Quality of life is “the individuals perception of their position in life in the context of the culture and value systems in which they live and in relation to their goals, expectations, standards and concerns” [10], as defined by The World Health Organization Quality of Life assessment (WHOQOL), a position paper from the World Health Organization, 1995. It takes into consideration aspects of life, such as: general life satisfaction, feeling of well-being, economic situation, health, and social and/or spiritual state of the individual [10,19]. Assessments of quality of life in a pathological population include questions about symptom severity, daily functioning, and other subjective well-being dimensions to fully evaluate a patient’s overall condition [20,21]. Depressive disorders negatively influence quality of life [10,22] and health-related quality of life [4,23]. In a +60 years old population, a relationship between depression and poorer quality of life has been proven in aged adults in both clinical and community settings [10].
An association between the development of depressive disorder and an increase in body weight has been observed [24,25]. In adults and aged adults, obesity and being overweight increased the risk of onset of depression [24]. Baseline depressive disorder or depressive symptoms did not predict overweight over time, but patients with depression had increased odds of developing obesity [24]. These changes in the patients’ body weight could be explained by some conducts that are typical in depression, such as increased sleepiness and appetite, which have more prevalence between women and depression [25,26]).
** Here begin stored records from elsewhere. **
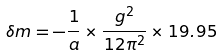Convert formula to latex. <formula><loc_0><loc_0><loc_500><loc_500>\delta m = - \frac { 1 } { a } \times \frac { g ^ { 2 } } { 1 2 \pi ^ { 2 } } \times 1 9 . 9 5</formula> 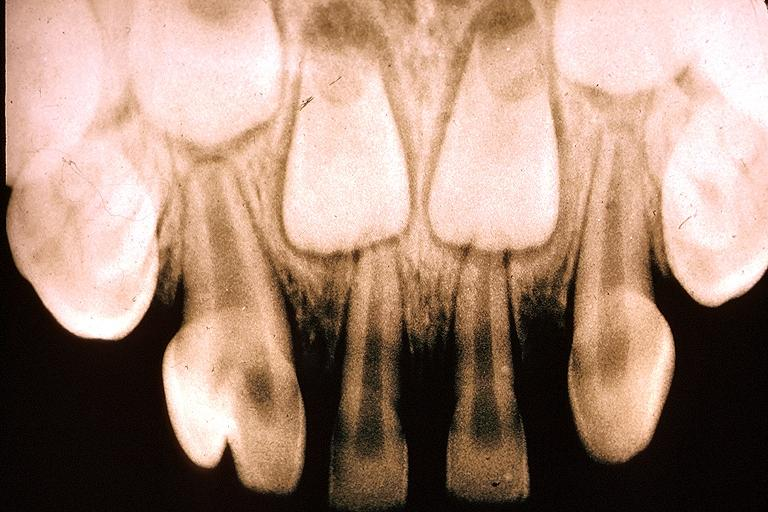what is present?
Answer the question using a single word or phrase. Oral 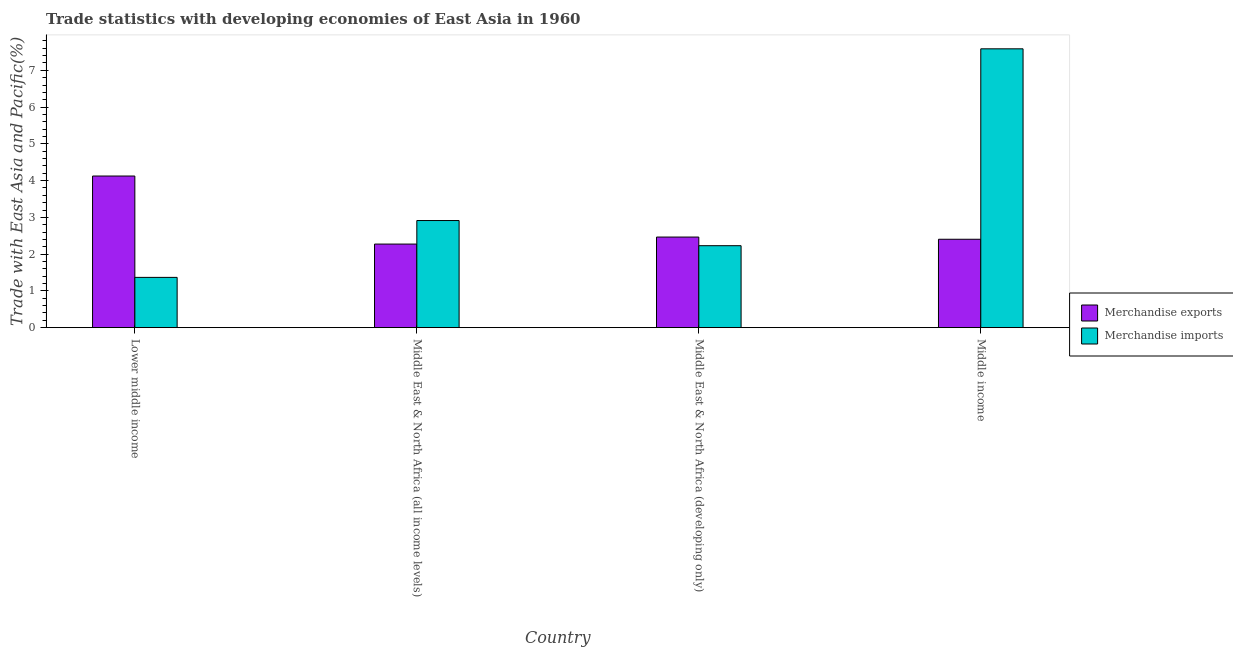How many groups of bars are there?
Ensure brevity in your answer.  4. How many bars are there on the 2nd tick from the left?
Your answer should be compact. 2. What is the label of the 3rd group of bars from the left?
Your answer should be compact. Middle East & North Africa (developing only). What is the merchandise exports in Middle East & North Africa (developing only)?
Offer a terse response. 2.46. Across all countries, what is the maximum merchandise exports?
Offer a terse response. 4.12. Across all countries, what is the minimum merchandise imports?
Offer a terse response. 1.37. In which country was the merchandise exports maximum?
Give a very brief answer. Lower middle income. In which country was the merchandise exports minimum?
Provide a succinct answer. Middle East & North Africa (all income levels). What is the total merchandise exports in the graph?
Make the answer very short. 11.27. What is the difference between the merchandise exports in Lower middle income and that in Middle East & North Africa (developing only)?
Your answer should be very brief. 1.66. What is the difference between the merchandise imports in Middle East & North Africa (developing only) and the merchandise exports in Middle East & North Africa (all income levels)?
Ensure brevity in your answer.  -0.04. What is the average merchandise imports per country?
Ensure brevity in your answer.  3.52. What is the difference between the merchandise exports and merchandise imports in Lower middle income?
Offer a terse response. 2.76. In how many countries, is the merchandise exports greater than 3.2 %?
Give a very brief answer. 1. What is the ratio of the merchandise imports in Middle East & North Africa (all income levels) to that in Middle East & North Africa (developing only)?
Your answer should be very brief. 1.31. Is the difference between the merchandise exports in Lower middle income and Middle income greater than the difference between the merchandise imports in Lower middle income and Middle income?
Keep it short and to the point. Yes. What is the difference between the highest and the second highest merchandise imports?
Offer a terse response. 4.67. What is the difference between the highest and the lowest merchandise exports?
Ensure brevity in your answer.  1.85. In how many countries, is the merchandise imports greater than the average merchandise imports taken over all countries?
Keep it short and to the point. 1. Is the sum of the merchandise imports in Middle East & North Africa (all income levels) and Middle East & North Africa (developing only) greater than the maximum merchandise exports across all countries?
Offer a very short reply. Yes. How many bars are there?
Your answer should be compact. 8. Are all the bars in the graph horizontal?
Make the answer very short. No. What is the difference between two consecutive major ticks on the Y-axis?
Your answer should be compact. 1. Are the values on the major ticks of Y-axis written in scientific E-notation?
Your response must be concise. No. How many legend labels are there?
Your answer should be very brief. 2. How are the legend labels stacked?
Your response must be concise. Vertical. What is the title of the graph?
Offer a very short reply. Trade statistics with developing economies of East Asia in 1960. Does "Birth rate" appear as one of the legend labels in the graph?
Give a very brief answer. No. What is the label or title of the X-axis?
Offer a very short reply. Country. What is the label or title of the Y-axis?
Keep it short and to the point. Trade with East Asia and Pacific(%). What is the Trade with East Asia and Pacific(%) in Merchandise exports in Lower middle income?
Keep it short and to the point. 4.12. What is the Trade with East Asia and Pacific(%) in Merchandise imports in Lower middle income?
Your answer should be very brief. 1.37. What is the Trade with East Asia and Pacific(%) of Merchandise exports in Middle East & North Africa (all income levels)?
Provide a succinct answer. 2.27. What is the Trade with East Asia and Pacific(%) in Merchandise imports in Middle East & North Africa (all income levels)?
Make the answer very short. 2.91. What is the Trade with East Asia and Pacific(%) of Merchandise exports in Middle East & North Africa (developing only)?
Offer a terse response. 2.46. What is the Trade with East Asia and Pacific(%) of Merchandise imports in Middle East & North Africa (developing only)?
Provide a short and direct response. 2.23. What is the Trade with East Asia and Pacific(%) of Merchandise exports in Middle income?
Provide a succinct answer. 2.4. What is the Trade with East Asia and Pacific(%) of Merchandise imports in Middle income?
Make the answer very short. 7.58. Across all countries, what is the maximum Trade with East Asia and Pacific(%) in Merchandise exports?
Your response must be concise. 4.12. Across all countries, what is the maximum Trade with East Asia and Pacific(%) of Merchandise imports?
Offer a terse response. 7.58. Across all countries, what is the minimum Trade with East Asia and Pacific(%) in Merchandise exports?
Keep it short and to the point. 2.27. Across all countries, what is the minimum Trade with East Asia and Pacific(%) of Merchandise imports?
Offer a very short reply. 1.37. What is the total Trade with East Asia and Pacific(%) of Merchandise exports in the graph?
Offer a terse response. 11.27. What is the total Trade with East Asia and Pacific(%) in Merchandise imports in the graph?
Give a very brief answer. 14.1. What is the difference between the Trade with East Asia and Pacific(%) of Merchandise exports in Lower middle income and that in Middle East & North Africa (all income levels)?
Your answer should be very brief. 1.85. What is the difference between the Trade with East Asia and Pacific(%) in Merchandise imports in Lower middle income and that in Middle East & North Africa (all income levels)?
Keep it short and to the point. -1.55. What is the difference between the Trade with East Asia and Pacific(%) in Merchandise exports in Lower middle income and that in Middle East & North Africa (developing only)?
Your response must be concise. 1.66. What is the difference between the Trade with East Asia and Pacific(%) in Merchandise imports in Lower middle income and that in Middle East & North Africa (developing only)?
Your answer should be compact. -0.86. What is the difference between the Trade with East Asia and Pacific(%) in Merchandise exports in Lower middle income and that in Middle income?
Offer a terse response. 1.72. What is the difference between the Trade with East Asia and Pacific(%) in Merchandise imports in Lower middle income and that in Middle income?
Provide a short and direct response. -6.22. What is the difference between the Trade with East Asia and Pacific(%) in Merchandise exports in Middle East & North Africa (all income levels) and that in Middle East & North Africa (developing only)?
Make the answer very short. -0.19. What is the difference between the Trade with East Asia and Pacific(%) in Merchandise imports in Middle East & North Africa (all income levels) and that in Middle East & North Africa (developing only)?
Make the answer very short. 0.68. What is the difference between the Trade with East Asia and Pacific(%) of Merchandise exports in Middle East & North Africa (all income levels) and that in Middle income?
Offer a very short reply. -0.13. What is the difference between the Trade with East Asia and Pacific(%) in Merchandise imports in Middle East & North Africa (all income levels) and that in Middle income?
Keep it short and to the point. -4.67. What is the difference between the Trade with East Asia and Pacific(%) of Merchandise exports in Middle East & North Africa (developing only) and that in Middle income?
Give a very brief answer. 0.06. What is the difference between the Trade with East Asia and Pacific(%) of Merchandise imports in Middle East & North Africa (developing only) and that in Middle income?
Your answer should be very brief. -5.36. What is the difference between the Trade with East Asia and Pacific(%) in Merchandise exports in Lower middle income and the Trade with East Asia and Pacific(%) in Merchandise imports in Middle East & North Africa (all income levels)?
Provide a short and direct response. 1.21. What is the difference between the Trade with East Asia and Pacific(%) of Merchandise exports in Lower middle income and the Trade with East Asia and Pacific(%) of Merchandise imports in Middle East & North Africa (developing only)?
Provide a short and direct response. 1.9. What is the difference between the Trade with East Asia and Pacific(%) in Merchandise exports in Lower middle income and the Trade with East Asia and Pacific(%) in Merchandise imports in Middle income?
Make the answer very short. -3.46. What is the difference between the Trade with East Asia and Pacific(%) in Merchandise exports in Middle East & North Africa (all income levels) and the Trade with East Asia and Pacific(%) in Merchandise imports in Middle East & North Africa (developing only)?
Your answer should be compact. 0.04. What is the difference between the Trade with East Asia and Pacific(%) in Merchandise exports in Middle East & North Africa (all income levels) and the Trade with East Asia and Pacific(%) in Merchandise imports in Middle income?
Your response must be concise. -5.31. What is the difference between the Trade with East Asia and Pacific(%) in Merchandise exports in Middle East & North Africa (developing only) and the Trade with East Asia and Pacific(%) in Merchandise imports in Middle income?
Make the answer very short. -5.12. What is the average Trade with East Asia and Pacific(%) in Merchandise exports per country?
Provide a short and direct response. 2.82. What is the average Trade with East Asia and Pacific(%) in Merchandise imports per country?
Give a very brief answer. 3.52. What is the difference between the Trade with East Asia and Pacific(%) of Merchandise exports and Trade with East Asia and Pacific(%) of Merchandise imports in Lower middle income?
Ensure brevity in your answer.  2.76. What is the difference between the Trade with East Asia and Pacific(%) in Merchandise exports and Trade with East Asia and Pacific(%) in Merchandise imports in Middle East & North Africa (all income levels)?
Make the answer very short. -0.64. What is the difference between the Trade with East Asia and Pacific(%) of Merchandise exports and Trade with East Asia and Pacific(%) of Merchandise imports in Middle East & North Africa (developing only)?
Your response must be concise. 0.23. What is the difference between the Trade with East Asia and Pacific(%) in Merchandise exports and Trade with East Asia and Pacific(%) in Merchandise imports in Middle income?
Your answer should be compact. -5.18. What is the ratio of the Trade with East Asia and Pacific(%) of Merchandise exports in Lower middle income to that in Middle East & North Africa (all income levels)?
Provide a succinct answer. 1.81. What is the ratio of the Trade with East Asia and Pacific(%) of Merchandise imports in Lower middle income to that in Middle East & North Africa (all income levels)?
Provide a short and direct response. 0.47. What is the ratio of the Trade with East Asia and Pacific(%) in Merchandise exports in Lower middle income to that in Middle East & North Africa (developing only)?
Make the answer very short. 1.67. What is the ratio of the Trade with East Asia and Pacific(%) of Merchandise imports in Lower middle income to that in Middle East & North Africa (developing only)?
Provide a short and direct response. 0.61. What is the ratio of the Trade with East Asia and Pacific(%) of Merchandise exports in Lower middle income to that in Middle income?
Provide a succinct answer. 1.72. What is the ratio of the Trade with East Asia and Pacific(%) of Merchandise imports in Lower middle income to that in Middle income?
Your response must be concise. 0.18. What is the ratio of the Trade with East Asia and Pacific(%) of Merchandise exports in Middle East & North Africa (all income levels) to that in Middle East & North Africa (developing only)?
Give a very brief answer. 0.92. What is the ratio of the Trade with East Asia and Pacific(%) in Merchandise imports in Middle East & North Africa (all income levels) to that in Middle East & North Africa (developing only)?
Your answer should be very brief. 1.31. What is the ratio of the Trade with East Asia and Pacific(%) of Merchandise exports in Middle East & North Africa (all income levels) to that in Middle income?
Keep it short and to the point. 0.95. What is the ratio of the Trade with East Asia and Pacific(%) in Merchandise imports in Middle East & North Africa (all income levels) to that in Middle income?
Provide a succinct answer. 0.38. What is the ratio of the Trade with East Asia and Pacific(%) of Merchandise exports in Middle East & North Africa (developing only) to that in Middle income?
Offer a very short reply. 1.02. What is the ratio of the Trade with East Asia and Pacific(%) of Merchandise imports in Middle East & North Africa (developing only) to that in Middle income?
Keep it short and to the point. 0.29. What is the difference between the highest and the second highest Trade with East Asia and Pacific(%) of Merchandise exports?
Provide a short and direct response. 1.66. What is the difference between the highest and the second highest Trade with East Asia and Pacific(%) of Merchandise imports?
Make the answer very short. 4.67. What is the difference between the highest and the lowest Trade with East Asia and Pacific(%) of Merchandise exports?
Provide a succinct answer. 1.85. What is the difference between the highest and the lowest Trade with East Asia and Pacific(%) in Merchandise imports?
Make the answer very short. 6.22.

This also happens the other way around; being overweight or obese is associated with greater chances of developing depression, which seems to be occasioned by a poorer self-image and lower self-esteem levels due to the weight stigma in today’s society [25,27].
Poor physical performance is a predictor of future onset of depression in elderly adults [28,29,30]. It seems that subjects with poorer performance in balance, gait speed, and strength have greater probabilities of suffering depressive disorders in the future [30]. Depressive symptoms are suggested to be predictors of lower physical performance [31]. It has also being observed that physical activity protects against the emergence of depression regardless of age and geographical region [32,33]. Some motor abnormalities have been observed in older adults with depression; worse balance and slower gait were reported in patients with depressive symptoms [34,35]. Older adults with depression had a greater fear of falling compared to non-depressive adults [36].
The Timed-Up and Go (TUG) test is a quick and straightforward clinical method for the assessment of lower extremity function, mobility, and fall risk [37]. It examines a patient’s ability to ambulate, perform turns, and sit [38]. A deficit in these activities may have an impact on the patient´s life participation [38]. The test consists in rising from a standard armless chair, walking to a line on the floor 3 m away, turning, returning, and sitting down again [39]. The TUG performance is determined by multiple cognitive domains, such as attention, memory, visual spatial ability, and executive functions [40]. The TUG is a simple task, but it requires the integration of many systems; as such, in older adults, especially those with cognitive impairment, it could be considered a complex task [41]. These tests have the ability to classify patients on the basis of residential status [42], falls [43], and mortality [44].
This work aims to study the association between agility, hrqol state and anthropometric and depression state in older adult women with depression.

2. Materials and Methods

2.1. Study Design

A descriptive cross-sectional design was conducted in order to analyze the relationship between the Timed Up and Go test (TUG), EuroQol five-dimensional three-level version (EQ-5D-3L), anthropometric characteristics, and the Geriatric Depression Scale (GDS) in physically active old women with depression.
The study protocol was approved by the Bioethics and Biosafety Committee of the University of Extremadura, according to the Declaration of Helsinki ethical standards, and the national legislation on bioethics, biomedical research, sample confidentiality, and data protection (117/2021).
Participants were informed about the procedures, and signed an informed consent form before the beginning of the study.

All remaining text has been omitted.